A las 9:02 a.m. el capitán Leonard toma el podio para que Heck Miller termine su contraexamen. Al parecer ellos esperaban cerrar la tarde del martes con sus dibujos animados, pero la lucha de McKenna les aguó la fiesta. Ahora no saben qué hacer, y en lo que me dispongo a tomar notas, la fiscal murmura algo al testigo y este murmura algo pa’trás y la fiscal murmura otra cosa pa’lante y el testigo de nuevo murmura pa’trás y la fiscal dice: “Eso es todo, Su Señoría”, en un minuto se acaba el interrogatorio directo de la Fiscalía al señor Leonard sin que me dé tiempo a entender qué murmuraron ambos en su pa’lante y su pa’trás. A las 9:05 Paul McKenna puede disponer del testigo.

Paul comienza repasando con el experto los documentos en los que este se ha basado para arribar a sus conclusiones con respecto a lo ocurrido el 24 de febrero de 1996. Leonard admite haber estudiado algo de la historia de Hermanos al Rescate y analizado profundamente el reporte de la OACI sobre el hecho, los reportes del guardacostas norteamericano, las discusiones en el Buró Nacional de Seguridad del Transporte, las transcripciones del juicio civil para el despojo de ciento ochenta millones a Cuba, audiencias para la revocación de la licencia de Basulto, y otros. Menciona el cambio experimentado por Hermanos al Rescate tras la firma de los acuerdos migratorios, pero cuando va a comenzar a discutir el reporte de la OACI la Fiscalía objeta, lo que provoca un side bar.

Este es un momento crucial para el contrainterrogatorio de Paul, pues aunque el testigo ha utilizado elementos del informe de la OACI para su examinación directa, ellos se las han arreglado para evadir una mención directa al documento, conscientes de que este abunda sobre las violaciones de Basulto y las repetidas quejas de Cuba al respecto, así como sobre la inactividad del gobierno norteamericano en relación con dichas quejas. En otro intento de escamotear la verdad al jurado, la Fiscalía quiere evitar que Paul utilice el informe.

La discusión se prolonga en el side bar y nosotros estamos expectantes, sobre todo yo, que me he estudiado el informe de la OACI y sé lo devastador que sería para el caso de la Fiscalía.
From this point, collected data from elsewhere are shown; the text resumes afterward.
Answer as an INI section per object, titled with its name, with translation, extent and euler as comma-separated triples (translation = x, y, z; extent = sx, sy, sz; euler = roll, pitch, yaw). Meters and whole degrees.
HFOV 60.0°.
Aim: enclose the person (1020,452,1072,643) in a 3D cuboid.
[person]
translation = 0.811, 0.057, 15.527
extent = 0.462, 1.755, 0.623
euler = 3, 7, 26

Tras un arduo debate, los abogados regresan a su sitio y, antes de que pueda hablar con Philip, me doy cuenta por la primera pregunta de Paul que la jueza le ha ordenado establecer las bases para poder introducir el informe.
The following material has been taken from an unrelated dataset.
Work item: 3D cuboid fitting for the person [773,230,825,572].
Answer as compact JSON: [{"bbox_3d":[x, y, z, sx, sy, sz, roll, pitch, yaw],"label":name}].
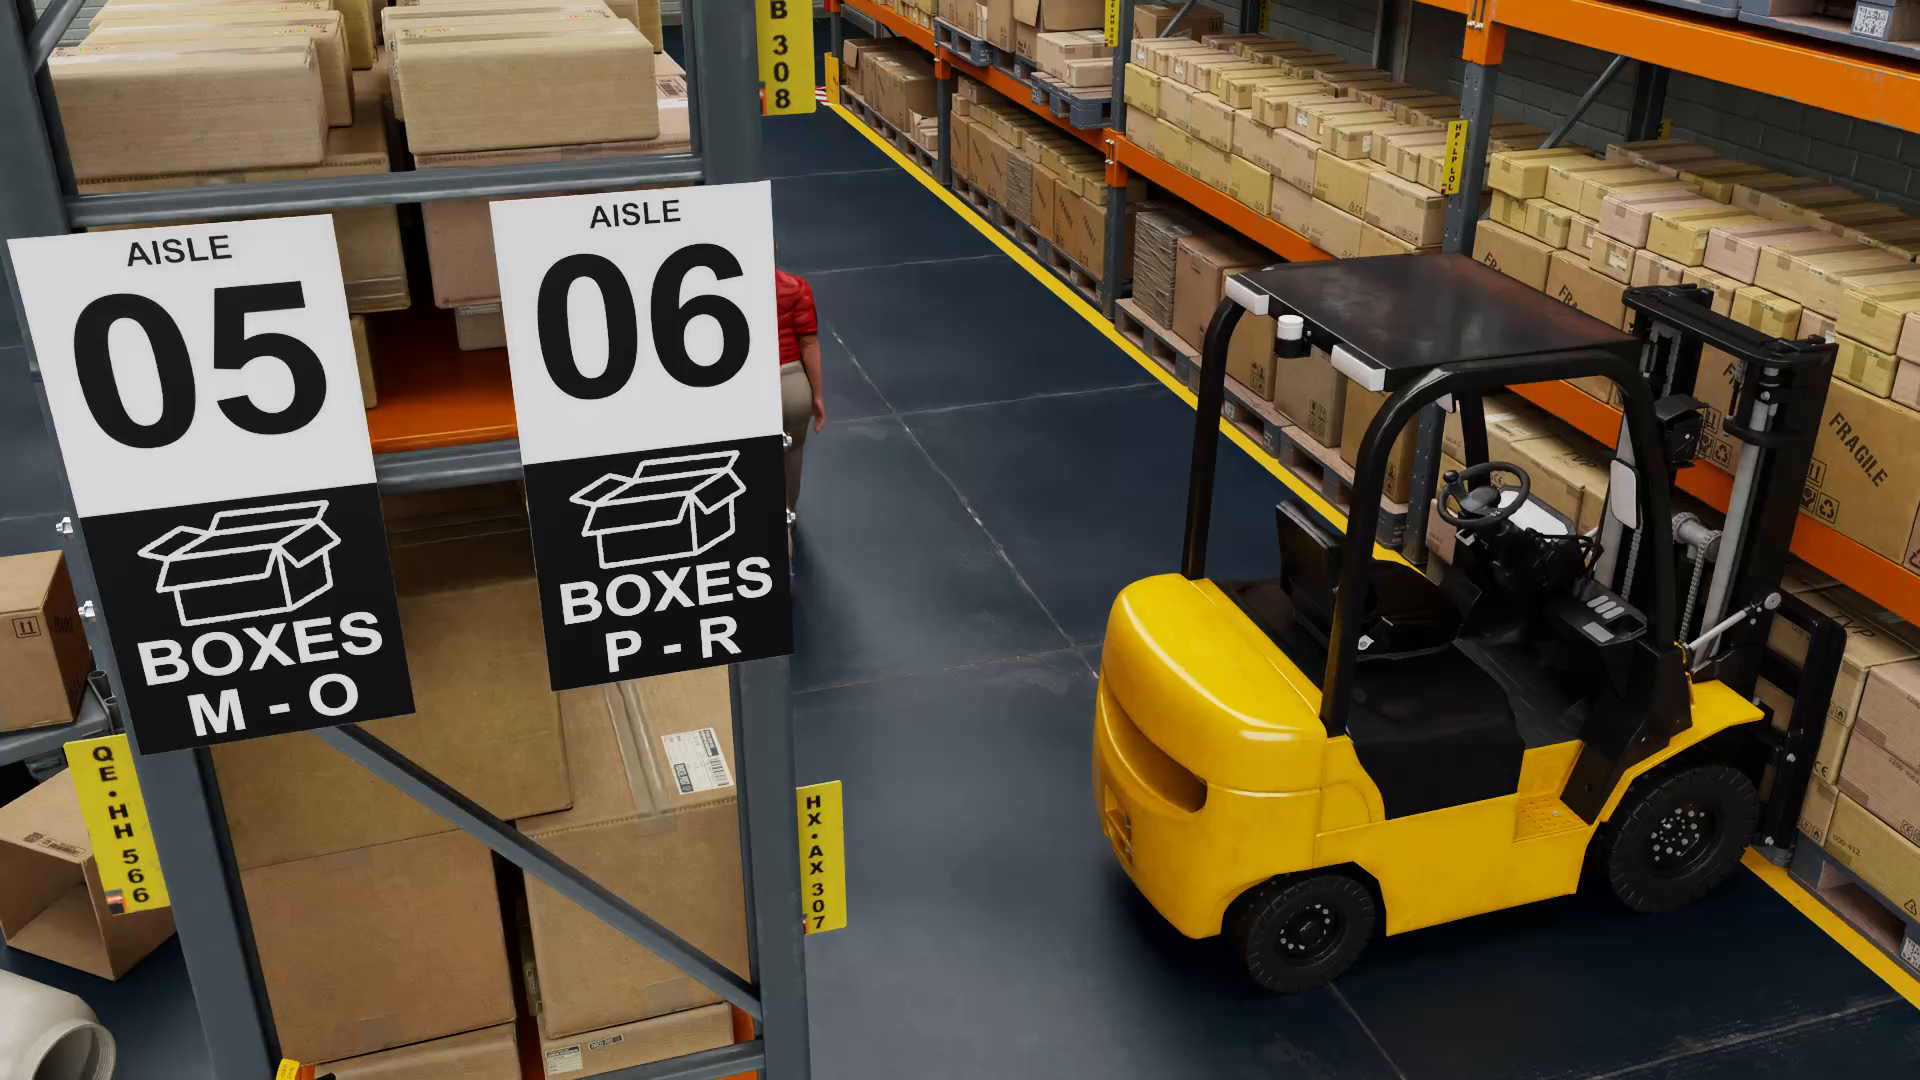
[{"bbox_3d":[-0.946,-0.705,8.118,0.537,1.667,1.110,-9,27,-17],"label":"person"}]

—¿Usted estudió el informe de la OACI?

—Sí.

Paul pregunta a la jueza si puede proceder con el informe y esta le da el visto bueno. ¡Se acaba de decretar la suerte del testimonio del capitán Leonard!

Paul entra de lleno en el reporte de la OACI:

—¿No dice el reporte que Hermanos al Rescate no había hallado un solo balsero desde agosto del 95?

—Sí.

—¿No cambió Hermanos al Rescate sus actividades por la confrontación con el gobierno cubano?

—Objeción.

—Desestimada.

—¿No aparecen en el informe los comentarios de Basulto respecto a una confrontación con Cuba?

—¡Objeción!

—¡Desestimada!

La Fiscalía pide otro side bar y la jueza permite que se mencionen los comentarios de Basulto recogidos por el informe: “Nosotros estamos en una situación de confrontación con el gobierno de Cuba”, y bla y bla, y blablablá.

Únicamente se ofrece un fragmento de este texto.